Providing a collection and recycling service for Clients.
Managing Hazardous Wastes for Clients since 2005.
Providing Consultancy, mitigating risk to the Envionment, Improving CSR.
As with other sectors of the waste and recycling industry, the WEEE (waste electronics) sector, involves some level of organised crime. This relates in part to the export of waste, shipping it from UK ports to international destinations, under the guise of working equipment destined for re-use. Unfortunately, the majority of this waste is beyond re-use and provides the feedstock for international environmental crime.
UK Centric Crimes:
A number of raids carried out by the Environment Agency highlighted the illegal trade in hazardous electronic and computer waste, with the majority of non-working, totally obsolete equipment being destined for Africa. Some 500 container loads were seized on 2 sites located around London.
Developing countries have historically been the dumping ground for a lot of the UKs waste, particularly wastes that would cost more to recycle than the value of the materials that can be recovered. When it comes to waste electronics, this is even more evident, with equipment that is too old and can’t be repaired being packaged up in containers and sent abroad.
As highlighted in a statement by the Environment Agency, "We have found that the majority of this equipment is beyond repair and is being stripped down under appalling conditions in Africa. But the law is clear – electrical waste must be recycled in the UK, not sent to developing countries in Africa where unsafe dismantling puts human health and the environment at risk. The Environment Agency has created a national team, backed by ex police officers from the CID, to stamp out this illegal trade. Strong intelligence work resulted in the latest operation – the most significant action to date in investigating suspected electrical waste being shipped to Africa."
A changing Trade:
The trade, which to date has been underpinned by the illegal trans-continental shipping of hazardous, faulty and obsolete electrical and electronics waste may be changing in the UK. Evidence of the size of the trade has finally become headline news. However, the export of end-of-life electronics offers a quick, lucrative solution for many of the smaller operators in the UK and is constantly evolving and changing with the flow of waste moving around the world.
How it Works:
The equipment, which is loaded into a container without even being tested, let alone examined, is shipped to China, Ghana and India at a cost that typically leaves the end-buyer out-of-pocket.
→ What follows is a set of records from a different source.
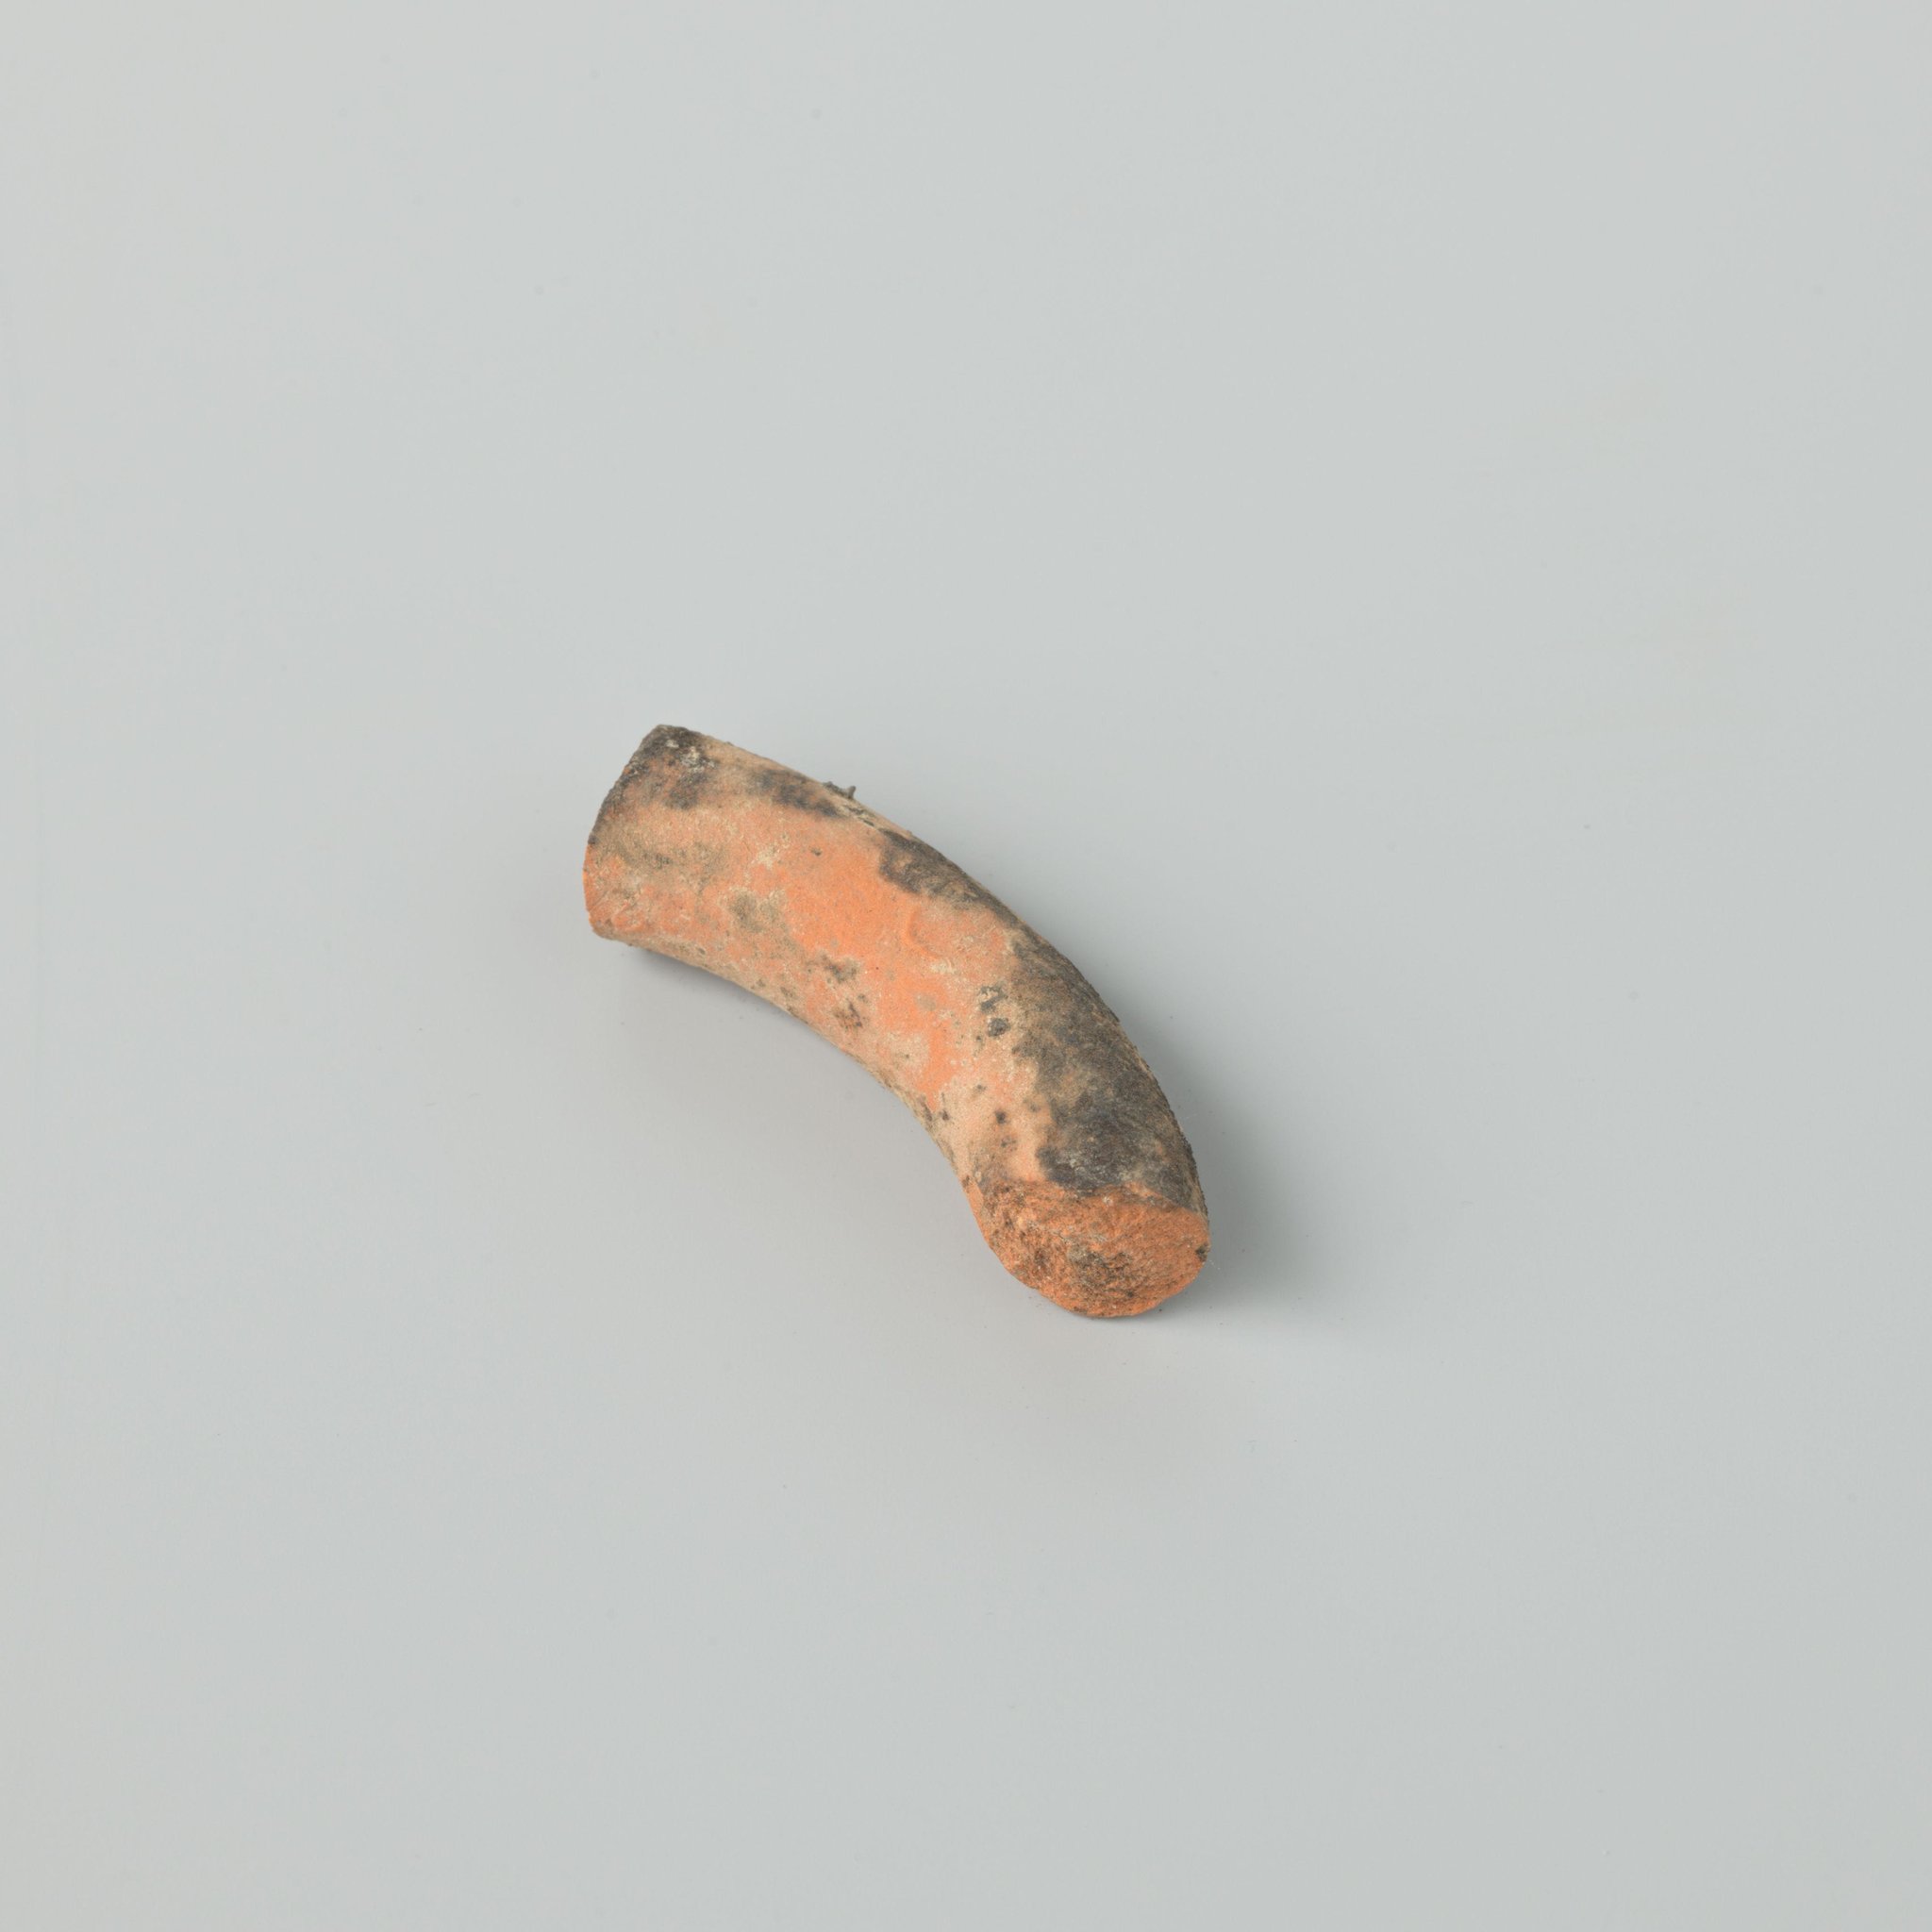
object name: sherd
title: Fragment van een oor van een theepot (De Caluwe bakafval)
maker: jacobus de caluwe
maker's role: plateelbakkerij
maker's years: -1730
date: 1700-1725
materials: earthenware
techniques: firing
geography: delft
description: Toegeschreven aan Jacobus de Caluwe, omdat dit voorwerp samen met gemerkte stukken (‘Jacobus De Caluwe’ en rennend hert) gevonden is op de plaats waar zich De Caluwes tweede werkplaats bevond. Er is een duidelijke stilistische overeenkomst tussen de gemerkte en niet gemerkte voorwerpen uit deze archeologische vondst.
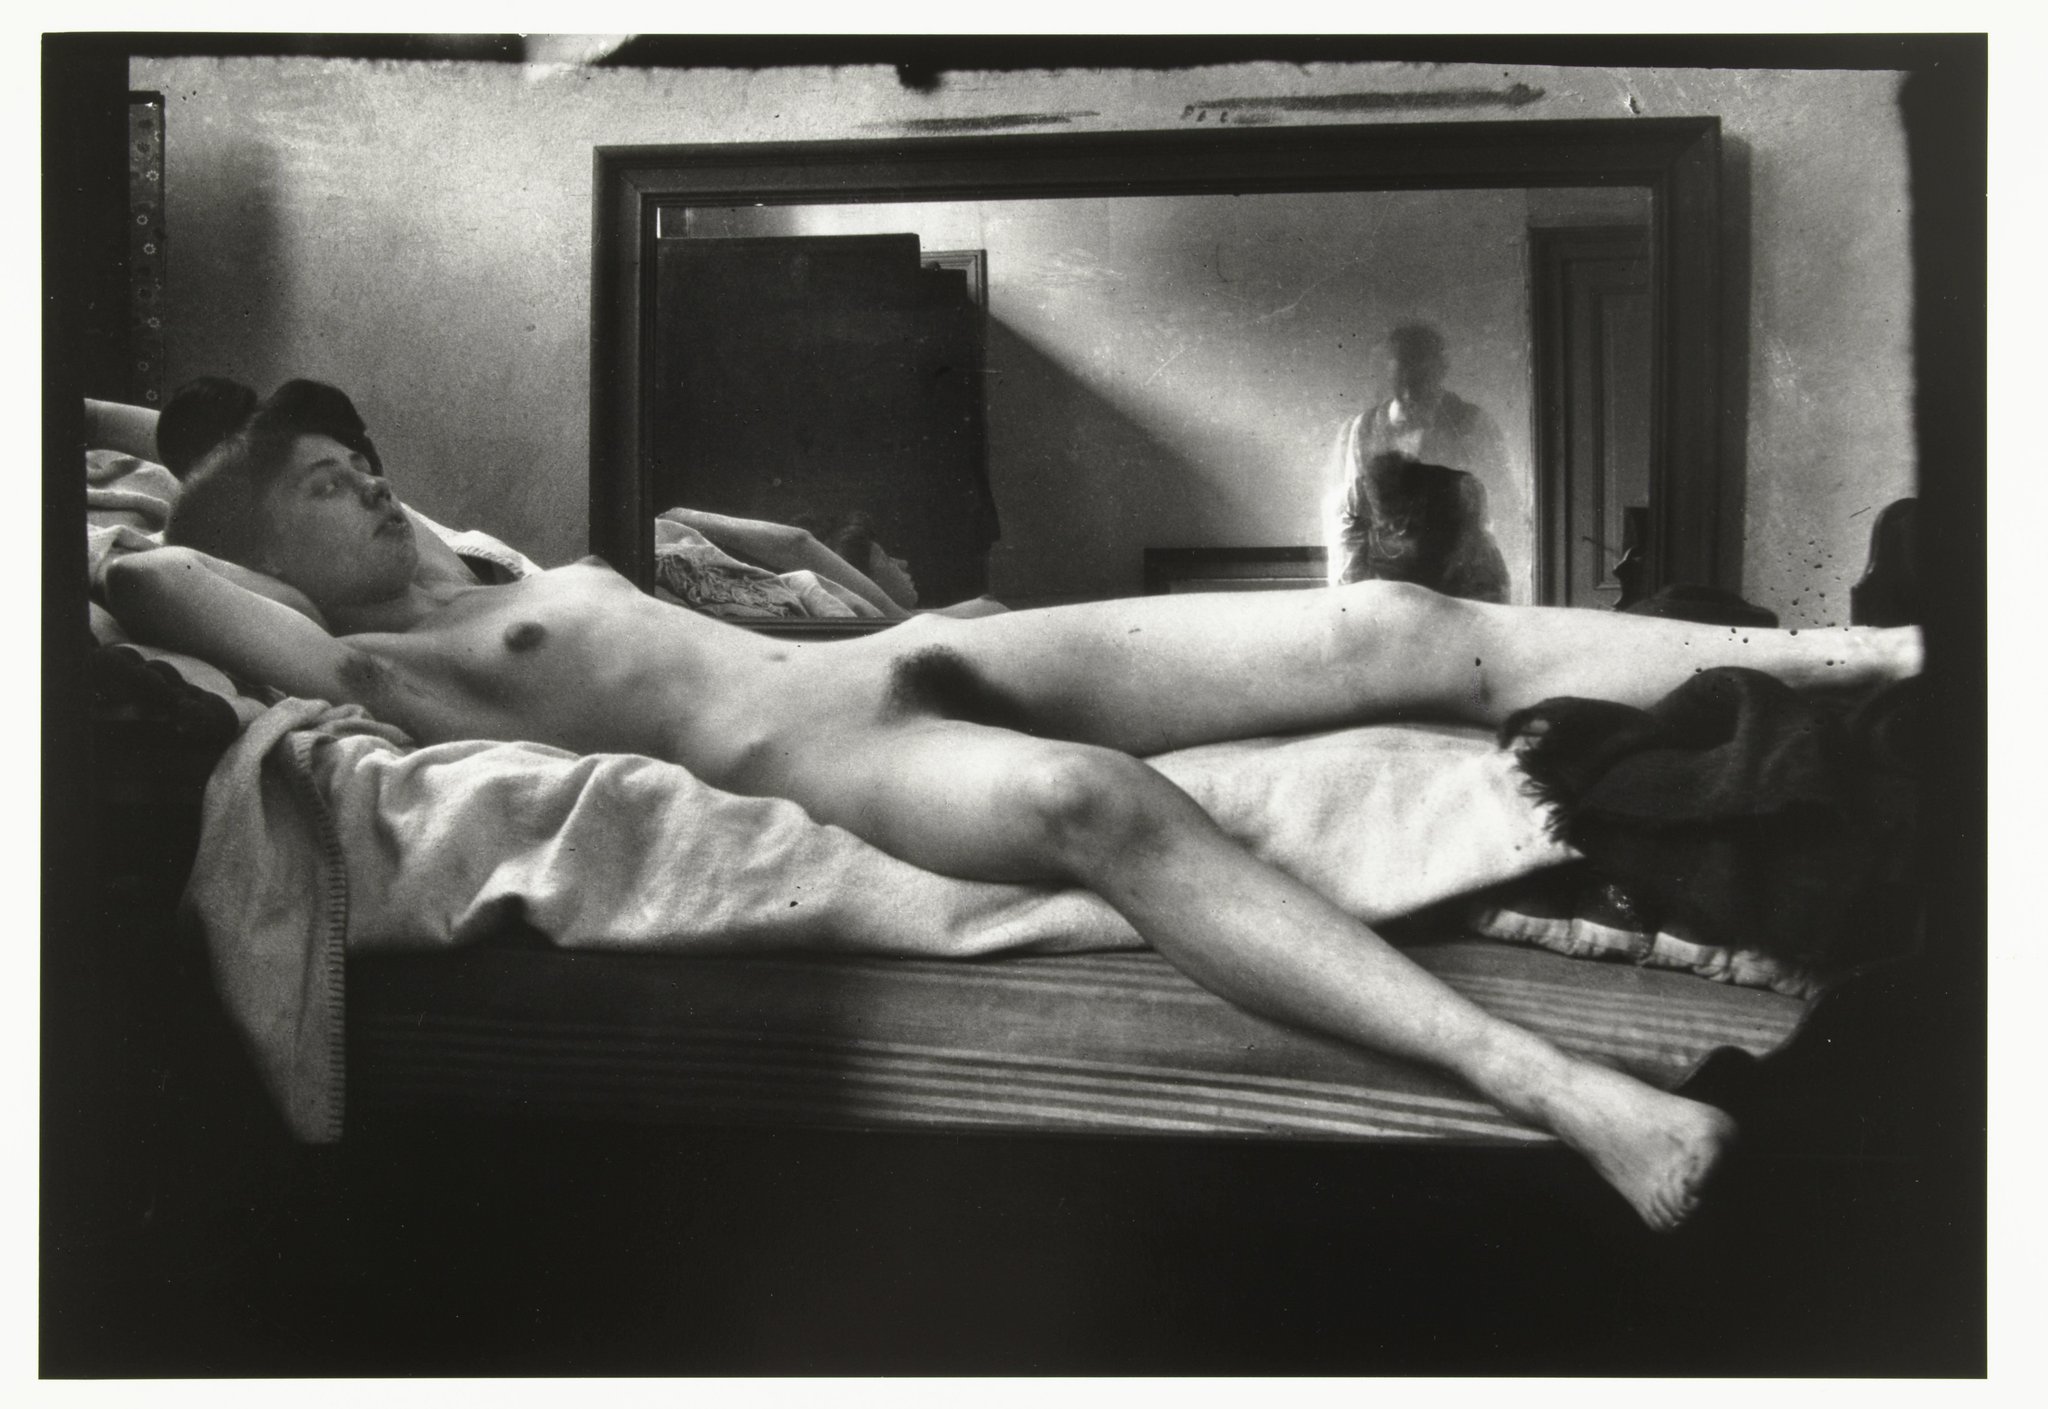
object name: photograph
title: Portret van een vrouwelijk naakt met in de spiegel de fotograferende Breitner
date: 1890-1910
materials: paper
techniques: gelatin silver print
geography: netherlands
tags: rotterdam, print maker, george hendrik breitner, the (nude) human figure; 'corpo humano' (ripa) - aa - female human figure
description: Moderne afdruk van negatief BR 911 (collectie RKD).

At the same time, it leaves businesses and householders in the UK open to fraud through the mining of data left on PCs, Laptops, servers, mobile phones and tablets.
Unfortunately, if the industry is to “clean up it’s act”, it’ll be at the expense of the businesses wanting to recycle their old equipment. The use of waste processors who lack licenses or infrastructure is a potential indicator of involvement in the export sector. Paying to have your waste recycled is one way that you can ensure it will be properly recycled and that your data will be effectively eradicated. The other option is to Audit the contractor prior to employing it, requesting references, copies of their licenses, OPRA scoring report and even carrying out a site visit.